An Earth Observations based Environmental Performance Tool

The DIONE Environmental Performance Tool is an interactive visualisation dashboard that identifies and quantifies nine selected environmental indicators to produce an overall environmental scoreboard customised by country. Data from multiple monitoring sources are used, and the tool can extract tangible environmental impacts in Key Performance Indicators (KPIs) on a regional or national level. The aim is to provide valuable insights and actionable information about land conditions and land use to be used by CAP policymakers, Paying Agencies, environmental organisations and researchers.

Machine Learning (ML) and other scientific methods allow insightful decision making at the regional or national levels. The tool acts in conjunction with a beneficiaries’ compliance tool in an overall Green Accountability toolbox. Each environmental indicator comprises a single map or layer in spatial and temporal scales. A ‘layered approach’ will simultaneously present the environmental indicators as a series of overlaid layers. This approach will allow the end-users to access thematically combined information to support holistic and cross-cutting research, solutions and decisions. Each end-user will thus be able to visualise the different layers of information needed for each use case.

Several possible approaches will exist for combining metrics and indicators to assess an area's environmental status and potential degradation level. A second methodology will try to ‘fuse’ and combine the environmental indicators to produce an ‘environmental scoreboard’. The DIONE Environmental Performance Tool will be based on an environmental performance scoreboard and aspires to provide the opportunity to make environmental decision-making more data-driven and thus more thoughtful and durable.

Relevance for monitoring and evaluation of the CAP

The tool measures the environmental performance of the agricultural sector of countries or regions in a ‘multilayer’ environmental scoreboard. It is not a tool designed to evaluate the effects of policy on specific individual environmental indicators, and the value of the tool lies in the unique underlying database. The DIONE environmental metrics document makes a preliminary presentation of all possible data sources, and the evaluator can examine their availability. All information will be adaptable in its spatial and temporal dimensions, stretching from the local/regional to the national and from contemporary to the latest available historical data.
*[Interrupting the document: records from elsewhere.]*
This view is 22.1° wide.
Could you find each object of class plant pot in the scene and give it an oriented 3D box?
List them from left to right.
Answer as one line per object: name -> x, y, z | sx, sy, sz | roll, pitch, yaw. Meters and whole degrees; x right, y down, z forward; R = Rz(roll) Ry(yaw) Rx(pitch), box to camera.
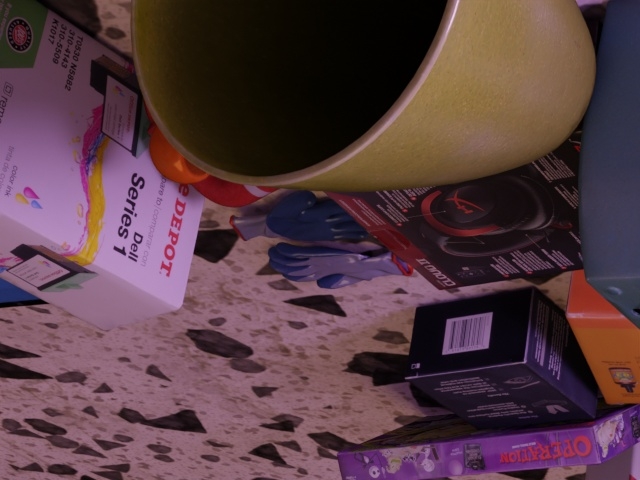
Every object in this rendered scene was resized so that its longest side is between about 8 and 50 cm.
plant pot -> 0.067, -0.146, 1.152 | 0.274, 0.275, 0.293 | -11, 164, 37
plant pot -> 0.293, -0.050, 1.216 | 0.165, 0.234, 0.165 | -5, 146, 45

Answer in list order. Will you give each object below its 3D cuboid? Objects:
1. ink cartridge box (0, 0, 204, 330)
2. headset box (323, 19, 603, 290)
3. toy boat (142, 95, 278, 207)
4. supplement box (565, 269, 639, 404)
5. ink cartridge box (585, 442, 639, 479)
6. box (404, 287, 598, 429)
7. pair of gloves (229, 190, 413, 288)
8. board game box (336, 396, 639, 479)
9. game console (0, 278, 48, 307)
ink cartridge box -> -0.235, -0.070, 1.433 | 0.117, 0.201, 0.278 | -16, 144, 41
headset box -> 0.152, -0.061, 1.416 | 0.293, 0.110, 0.218 | -10, 147, 35
toy boat -> -0.079, -0.097, 1.345 | 0.231, 0.151, 0.151 | -26, 100, 49
supplement box -> 0.319, 0.097, 1.709 | 0.078, 0.080, 0.233 | 0, 150, 21
ink cartridge box -> 0.464, 0.341, 2.004 | 0.272, 0.197, 0.114 | 20, 154, -17
box -> 0.203, 0.134, 1.803 | 0.156, 0.093, 0.158 | -11, 146, 36
pair of gloves -> 0.000, 0.000, 1.693 | 0.159, 0.023, 0.198 | -4, 151, 23
board game box -> 0.217, 0.234, 1.932 | 0.346, 0.056, 0.208 | -11, 177, 36
game console -> -0.429, 0.079, 1.848 | 0.293, 0.250, 0.173 | -7, 122, 30
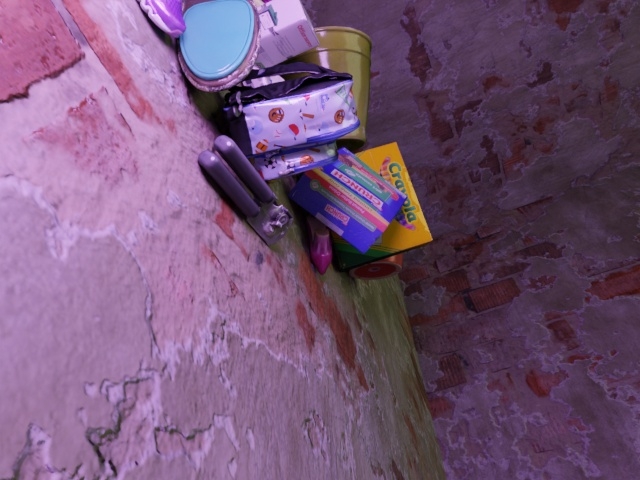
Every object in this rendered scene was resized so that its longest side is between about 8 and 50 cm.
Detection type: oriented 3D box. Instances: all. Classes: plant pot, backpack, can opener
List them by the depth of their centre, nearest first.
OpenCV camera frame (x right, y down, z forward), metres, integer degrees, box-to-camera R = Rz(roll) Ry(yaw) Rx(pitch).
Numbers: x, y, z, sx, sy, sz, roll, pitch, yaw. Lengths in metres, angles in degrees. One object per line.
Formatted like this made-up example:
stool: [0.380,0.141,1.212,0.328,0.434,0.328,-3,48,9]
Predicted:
can opener: [-0.141,-0.092,0.924,0.095,0.076,0.283,38,-11,39]
backpack: [-0.052,-0.248,0.985,0.277,0.263,0.213,-112,-178,-62]
plant pot: [0.024,-0.497,1.712,0.366,0.365,0.354,10,72,-76]
plant pot: [0.189,0.001,1.780,0.275,0.274,0.244,47,36,-61]

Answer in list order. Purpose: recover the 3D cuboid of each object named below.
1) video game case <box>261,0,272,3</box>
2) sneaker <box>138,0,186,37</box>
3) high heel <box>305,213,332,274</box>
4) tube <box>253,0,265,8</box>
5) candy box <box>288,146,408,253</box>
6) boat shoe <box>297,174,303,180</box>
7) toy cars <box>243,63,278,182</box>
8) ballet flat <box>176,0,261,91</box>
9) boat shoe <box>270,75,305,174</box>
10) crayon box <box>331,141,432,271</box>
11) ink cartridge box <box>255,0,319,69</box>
video game case: [-0.191,-0.687,1.451,0.210,0.042,0.232,39,-4,28]
sneaker: [-0.272,-0.475,0.836,0.095,0.104,0.237,4,67,-78]
high heel: [0.000,0.000,1.385,0.244,0.082,0.117,-112,-157,-68]
tube: [-0.222,-0.650,1.285,0.240,0.062,0.070,31,-2,-42]
candy box: [0.094,-0.129,1.414,0.268,0.122,0.317,38,29,4]
boat shoe: [-0.058,-0.268,1.549,0.072,0.068,0.190,33,37,-51]
toy cars: [-0.137,-0.326,1.227,0.176,0.087,0.394,53,21,-55]
ballet flat: [-0.210,-0.456,0.985,0.182,0.163,0.484,89,-11,-68]
boat shoe: [-0.111,-0.342,1.434,0.099,0.116,0.320,-29,-93,59]
crayon box: [0.162,-0.114,1.629,0.106,0.312,0.363,99,-27,-78]
ink cartridge box: [-0.131,-0.564,1.325,0.160,0.219,0.093,14,58,-76]
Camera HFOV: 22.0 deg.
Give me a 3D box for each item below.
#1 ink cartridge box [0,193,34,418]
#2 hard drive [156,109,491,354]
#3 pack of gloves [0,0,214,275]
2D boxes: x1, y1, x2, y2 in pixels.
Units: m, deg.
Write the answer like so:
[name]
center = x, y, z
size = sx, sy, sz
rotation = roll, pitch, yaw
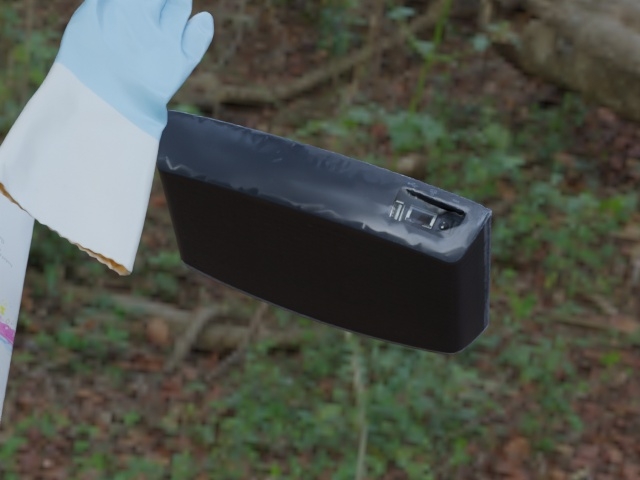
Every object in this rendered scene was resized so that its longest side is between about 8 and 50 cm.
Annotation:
[ink cartridge box]
center = -0.352, 0.094, 1.289
size = 0.207, 0.119, 0.353
rotation = -21, 46, 27
[hard drive]
center = 0.000, 0.000, 1.226
size = 0.255, 0.172, 0.054
rotation = 18, 59, 16
[pack of gloves]
center = -0.133, -0.123, 0.802
size = 0.195, 0.046, 0.232
rotation = 36, 39, -21
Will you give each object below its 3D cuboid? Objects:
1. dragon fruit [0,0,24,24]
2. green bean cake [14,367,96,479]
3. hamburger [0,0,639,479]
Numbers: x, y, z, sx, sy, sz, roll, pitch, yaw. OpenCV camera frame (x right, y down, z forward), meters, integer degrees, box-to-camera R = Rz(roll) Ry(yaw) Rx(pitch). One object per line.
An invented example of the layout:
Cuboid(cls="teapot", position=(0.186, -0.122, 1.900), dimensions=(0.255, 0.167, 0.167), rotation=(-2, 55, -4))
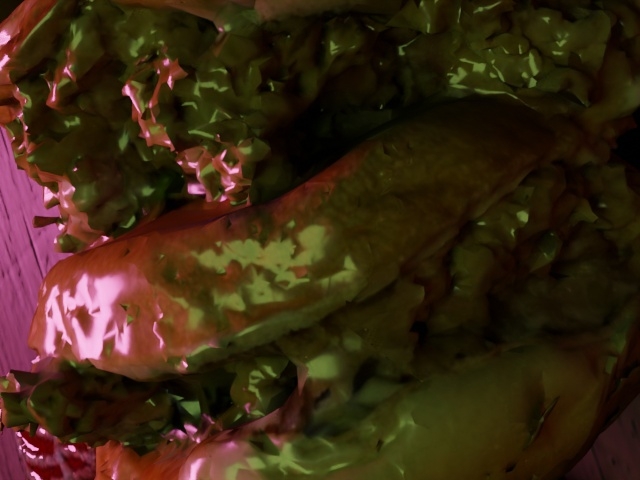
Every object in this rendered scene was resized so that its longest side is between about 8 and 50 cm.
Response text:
Cuboid(cls="dragon fruit", position=(-0.113, -0.221, 0.531), dimensions=(0.305, 0.225, 0.305), rotation=(56, 161, 31))
Cuboid(cls="green bean cake", position=(-0.065, 0.146, 0.649), dimensions=(0.198, 0.097, 0.233), rotation=(-22, 85, 42))
Cuboid(cls="hamburger", position=(-0.006, -0.007, 0.460), dimensions=(0.245, 0.260, 0.211), rotation=(-16, 94, 60))
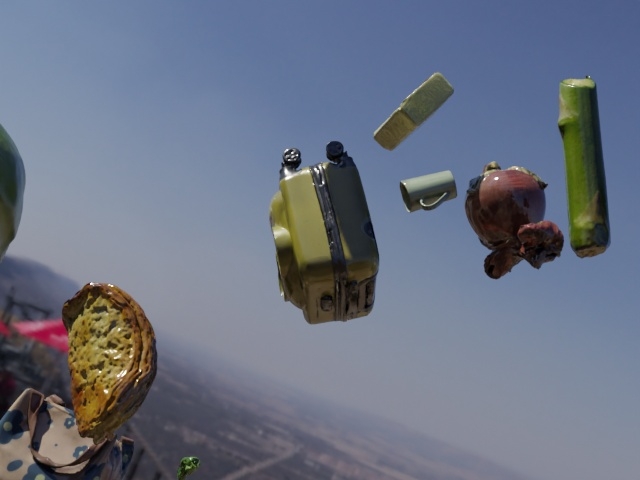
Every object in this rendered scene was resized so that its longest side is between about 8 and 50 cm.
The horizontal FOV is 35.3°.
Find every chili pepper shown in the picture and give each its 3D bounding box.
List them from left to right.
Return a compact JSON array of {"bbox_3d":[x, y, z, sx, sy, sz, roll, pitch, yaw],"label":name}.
[{"bbox_3d":[-0.254,0.434,1.905,0.034,0.030,0.091,30,-45,-6],"label":"chili pepper"}]

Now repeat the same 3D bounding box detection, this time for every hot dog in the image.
[{"bbox_3d":[-0.343,0.203,1.642,0.114,0.259,0.175,13,-38,-44],"label":"hot dog"}]

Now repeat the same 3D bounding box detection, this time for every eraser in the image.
[{"bbox_3d":[0.176,-0.242,1.924,0.058,0.117,0.172,45,-20,-1],"label":"eraser"}]

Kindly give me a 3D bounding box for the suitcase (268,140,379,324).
[{"bbox_3d":[0.000,0.000,1.506,0.143,0.234,0.194,-9,-30,-5],"label":"suitcase"}]

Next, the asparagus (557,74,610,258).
[{"bbox_3d":[0.380,-0.114,1.452,0.067,0.277,0.060,5,-14,-32],"label":"asparagus"}]

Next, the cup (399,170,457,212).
[{"bbox_3d":[0.178,-0.081,1.634,0.083,0.054,0.075,-15,7,-6],"label":"cup"}]

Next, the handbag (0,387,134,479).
[{"bbox_3d":[-0.487,0.401,1.857,0.252,0.193,0.190,27,-15,11],"label":"handbag"}]

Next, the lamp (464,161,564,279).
[{"bbox_3d":[0.361,-0.050,1.867,0.223,0.151,0.215,64,-23,7],"label":"lamp"}]

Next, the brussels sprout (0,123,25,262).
[{"bbox_3d":[-0.478,-0.043,1.080,0.315,0.275,0.371,0,-13,27],"label":"brussels sprout"}]
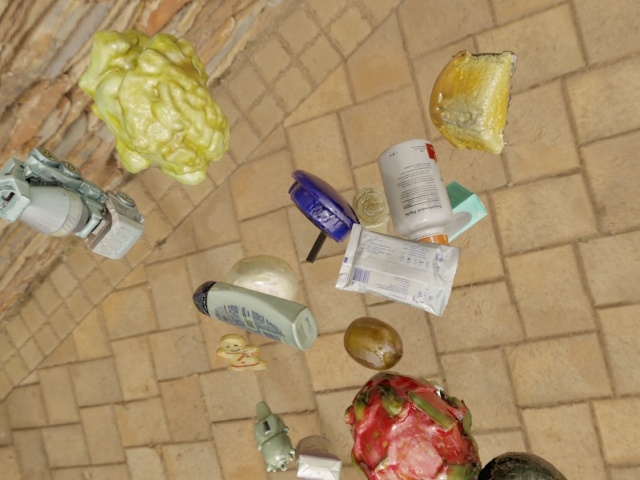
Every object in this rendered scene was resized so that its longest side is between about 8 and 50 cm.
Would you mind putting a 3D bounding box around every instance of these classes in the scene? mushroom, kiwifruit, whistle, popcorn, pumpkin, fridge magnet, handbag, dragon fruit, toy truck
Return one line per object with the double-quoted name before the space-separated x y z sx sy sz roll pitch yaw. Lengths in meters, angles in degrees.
"mushroom" -0.195 0.148 1.505 0.245 0.202 0.246 2 122 4
"kiwifruit" 0.205 0.394 1.663 0.233 0.196 0.196 18 101 32
"whistle" -0.145 0.585 1.315 0.110 0.244 0.092 -34 126 -7
"popcorn" -0.258 -0.213 0.698 0.256 0.255 0.195 36 68 25
"pumpkin" 0.341 0.443 0.724 0.167 0.125 0.167 1 93 9
"fridge magnet" 0.014 -0.091 1.212 0.265 0.265 0.113 44 94 12
"handbag" -0.010 0.586 1.168 0.117 0.173 0.095 11 80 -3
"dragon fruit" 0.189 0.409 0.902 0.302 0.237 0.231 24 93 39
"toy truck" -0.425 -0.050 0.746 0.108 0.256 0.140 -47 53 5

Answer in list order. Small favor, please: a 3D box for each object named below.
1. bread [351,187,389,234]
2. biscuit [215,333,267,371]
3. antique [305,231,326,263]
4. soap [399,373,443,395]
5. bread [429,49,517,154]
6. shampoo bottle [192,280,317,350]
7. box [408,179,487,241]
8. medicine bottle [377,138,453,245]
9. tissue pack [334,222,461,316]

Thus, the evaluator can make use of the database underlying the tool in three ways. First, by extracting data that integrate multiple monitoring sources, the evaluator may approximate the value of indicators. For example, the soil organic matter indicator will be compiled by Copernicus Sentinel-1 and Sentinel-2 data, LUCAS and data from spectral handheld sensors that will provide space-borne and in situ spectral and laboratory measurements. Second, if the layers are combined with the compliance monitoring tool at the farm or parcel levels, the evaluator may pursue a quantitative assessment of the policy’s effects. Third, by utilising the ‘environmental scoreboard’, the melting pot for nine environmental indicators. The environmental scoreboard and its nine layers at the national level can support various geospatial analyses or data triangulation. Finally, the tool provides an excellent visualisation device that assists those carrying out monitoring and evaluation operations to communicate their findings to decision-makers and other stakeholders.

The tool is not automatically transferable to other regions and Member States for two reasons. First, data availability varies from country to country, depending on ancillary data. For example, certain Member States have already detailed soil maps from their extensive soil surveys, and it is easy to connect EO and in situ data. Second, all the machine learning and AI algorithms require training with the new data to recognise certain environmental variables. So, depending on data availability, the tool may require adaptation of algorithms and re-training.